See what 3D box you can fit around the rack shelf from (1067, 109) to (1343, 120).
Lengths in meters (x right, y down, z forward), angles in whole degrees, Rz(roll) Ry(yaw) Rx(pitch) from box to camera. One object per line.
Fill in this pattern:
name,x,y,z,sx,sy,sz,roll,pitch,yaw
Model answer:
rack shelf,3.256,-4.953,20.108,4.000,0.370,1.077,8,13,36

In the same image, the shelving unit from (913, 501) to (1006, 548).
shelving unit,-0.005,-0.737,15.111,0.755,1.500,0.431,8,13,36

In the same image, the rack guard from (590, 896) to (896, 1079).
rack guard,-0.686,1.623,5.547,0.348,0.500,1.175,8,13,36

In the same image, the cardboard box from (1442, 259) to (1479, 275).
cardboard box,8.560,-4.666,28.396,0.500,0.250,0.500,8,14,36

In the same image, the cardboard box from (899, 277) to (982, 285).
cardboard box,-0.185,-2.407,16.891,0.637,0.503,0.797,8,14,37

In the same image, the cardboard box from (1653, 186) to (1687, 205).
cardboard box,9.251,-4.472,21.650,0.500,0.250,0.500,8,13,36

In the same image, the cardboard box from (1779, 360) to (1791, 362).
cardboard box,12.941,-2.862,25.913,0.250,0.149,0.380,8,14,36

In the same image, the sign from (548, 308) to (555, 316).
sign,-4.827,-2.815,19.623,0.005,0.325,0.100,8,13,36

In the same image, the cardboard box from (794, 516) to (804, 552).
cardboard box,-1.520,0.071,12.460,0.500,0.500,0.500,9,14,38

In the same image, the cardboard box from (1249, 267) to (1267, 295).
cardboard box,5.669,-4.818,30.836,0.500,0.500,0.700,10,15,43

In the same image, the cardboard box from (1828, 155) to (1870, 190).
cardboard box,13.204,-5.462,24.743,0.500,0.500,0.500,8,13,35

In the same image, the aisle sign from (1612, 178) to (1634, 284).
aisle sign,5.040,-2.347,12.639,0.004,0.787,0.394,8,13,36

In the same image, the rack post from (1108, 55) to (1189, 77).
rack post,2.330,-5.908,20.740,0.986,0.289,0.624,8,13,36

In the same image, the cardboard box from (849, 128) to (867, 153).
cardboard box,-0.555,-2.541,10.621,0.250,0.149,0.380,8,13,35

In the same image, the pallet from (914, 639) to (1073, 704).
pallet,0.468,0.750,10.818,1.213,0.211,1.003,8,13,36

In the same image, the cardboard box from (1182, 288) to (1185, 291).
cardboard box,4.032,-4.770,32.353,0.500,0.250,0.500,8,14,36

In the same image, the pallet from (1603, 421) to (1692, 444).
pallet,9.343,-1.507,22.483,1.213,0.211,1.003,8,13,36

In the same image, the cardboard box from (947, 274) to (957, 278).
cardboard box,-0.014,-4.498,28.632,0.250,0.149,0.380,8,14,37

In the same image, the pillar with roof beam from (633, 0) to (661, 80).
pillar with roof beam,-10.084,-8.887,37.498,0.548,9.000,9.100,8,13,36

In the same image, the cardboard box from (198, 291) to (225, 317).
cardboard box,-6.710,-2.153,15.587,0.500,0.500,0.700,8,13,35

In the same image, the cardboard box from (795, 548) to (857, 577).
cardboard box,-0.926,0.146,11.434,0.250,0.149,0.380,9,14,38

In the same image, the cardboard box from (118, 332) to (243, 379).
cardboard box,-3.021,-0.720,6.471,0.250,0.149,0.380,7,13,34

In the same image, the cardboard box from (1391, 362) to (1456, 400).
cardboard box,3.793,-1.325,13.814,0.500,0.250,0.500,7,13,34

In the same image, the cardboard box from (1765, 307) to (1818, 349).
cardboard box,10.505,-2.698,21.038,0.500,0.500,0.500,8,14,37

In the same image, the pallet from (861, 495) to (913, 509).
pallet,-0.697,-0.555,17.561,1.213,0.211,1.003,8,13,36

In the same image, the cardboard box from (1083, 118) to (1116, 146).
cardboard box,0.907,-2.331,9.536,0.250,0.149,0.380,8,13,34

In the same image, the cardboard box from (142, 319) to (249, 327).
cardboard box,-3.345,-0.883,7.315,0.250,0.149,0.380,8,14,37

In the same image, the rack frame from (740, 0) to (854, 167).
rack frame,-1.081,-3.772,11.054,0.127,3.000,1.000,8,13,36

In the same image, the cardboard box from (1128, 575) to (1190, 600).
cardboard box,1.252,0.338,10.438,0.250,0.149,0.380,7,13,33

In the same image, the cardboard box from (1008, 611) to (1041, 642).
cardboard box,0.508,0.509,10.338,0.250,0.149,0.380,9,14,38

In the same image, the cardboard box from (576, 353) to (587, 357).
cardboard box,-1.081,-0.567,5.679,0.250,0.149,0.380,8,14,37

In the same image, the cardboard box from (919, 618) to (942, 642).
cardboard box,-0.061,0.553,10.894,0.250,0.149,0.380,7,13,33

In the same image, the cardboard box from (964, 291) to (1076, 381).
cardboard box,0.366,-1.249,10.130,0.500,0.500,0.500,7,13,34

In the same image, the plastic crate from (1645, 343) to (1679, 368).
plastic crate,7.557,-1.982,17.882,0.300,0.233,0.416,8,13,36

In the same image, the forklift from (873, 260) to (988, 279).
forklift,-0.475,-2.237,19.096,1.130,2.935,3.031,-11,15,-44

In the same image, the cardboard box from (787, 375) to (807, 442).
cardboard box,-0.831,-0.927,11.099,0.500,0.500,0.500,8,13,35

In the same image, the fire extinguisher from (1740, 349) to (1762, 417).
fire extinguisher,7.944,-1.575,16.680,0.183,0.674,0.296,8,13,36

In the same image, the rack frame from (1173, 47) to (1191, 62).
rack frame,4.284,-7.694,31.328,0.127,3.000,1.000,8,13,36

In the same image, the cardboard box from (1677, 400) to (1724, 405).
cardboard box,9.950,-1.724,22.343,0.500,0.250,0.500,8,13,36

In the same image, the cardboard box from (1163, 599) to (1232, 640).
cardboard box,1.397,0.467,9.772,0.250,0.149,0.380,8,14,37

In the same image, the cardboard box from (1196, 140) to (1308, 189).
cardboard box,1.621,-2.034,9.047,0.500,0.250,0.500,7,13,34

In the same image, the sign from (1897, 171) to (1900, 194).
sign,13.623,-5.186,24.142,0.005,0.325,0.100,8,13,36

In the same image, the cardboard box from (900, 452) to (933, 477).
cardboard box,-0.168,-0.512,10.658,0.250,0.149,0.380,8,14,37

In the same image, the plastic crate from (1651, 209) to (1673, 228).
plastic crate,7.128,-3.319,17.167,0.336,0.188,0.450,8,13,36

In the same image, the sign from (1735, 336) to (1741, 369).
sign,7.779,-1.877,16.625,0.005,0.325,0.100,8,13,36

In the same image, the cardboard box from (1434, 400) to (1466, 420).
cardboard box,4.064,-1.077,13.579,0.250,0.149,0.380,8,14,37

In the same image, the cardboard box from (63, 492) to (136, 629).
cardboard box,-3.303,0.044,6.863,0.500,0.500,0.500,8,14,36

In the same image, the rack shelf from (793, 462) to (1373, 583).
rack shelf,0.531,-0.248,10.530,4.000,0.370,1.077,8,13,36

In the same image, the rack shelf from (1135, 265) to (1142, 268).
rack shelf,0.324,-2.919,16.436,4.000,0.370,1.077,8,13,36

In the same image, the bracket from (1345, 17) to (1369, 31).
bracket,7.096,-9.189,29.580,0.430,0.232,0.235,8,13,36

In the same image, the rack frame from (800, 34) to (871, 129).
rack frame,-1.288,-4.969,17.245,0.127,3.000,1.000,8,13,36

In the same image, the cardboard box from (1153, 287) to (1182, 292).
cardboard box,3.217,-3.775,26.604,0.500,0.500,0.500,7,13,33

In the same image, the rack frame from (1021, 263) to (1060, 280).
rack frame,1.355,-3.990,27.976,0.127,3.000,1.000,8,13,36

+ + + + + + +

• _WORK ITEM_
Reproduce each line above that contains "pitch".

• _RESULT_
Lengths in meters (x right, y down, z forward), angles in whole degrees, Rz(roll) Ry(yaw) Rx(pitch) from box to camera. One object per line.
name,x,y,z,sx,sy,sz,roll,pitch,yaw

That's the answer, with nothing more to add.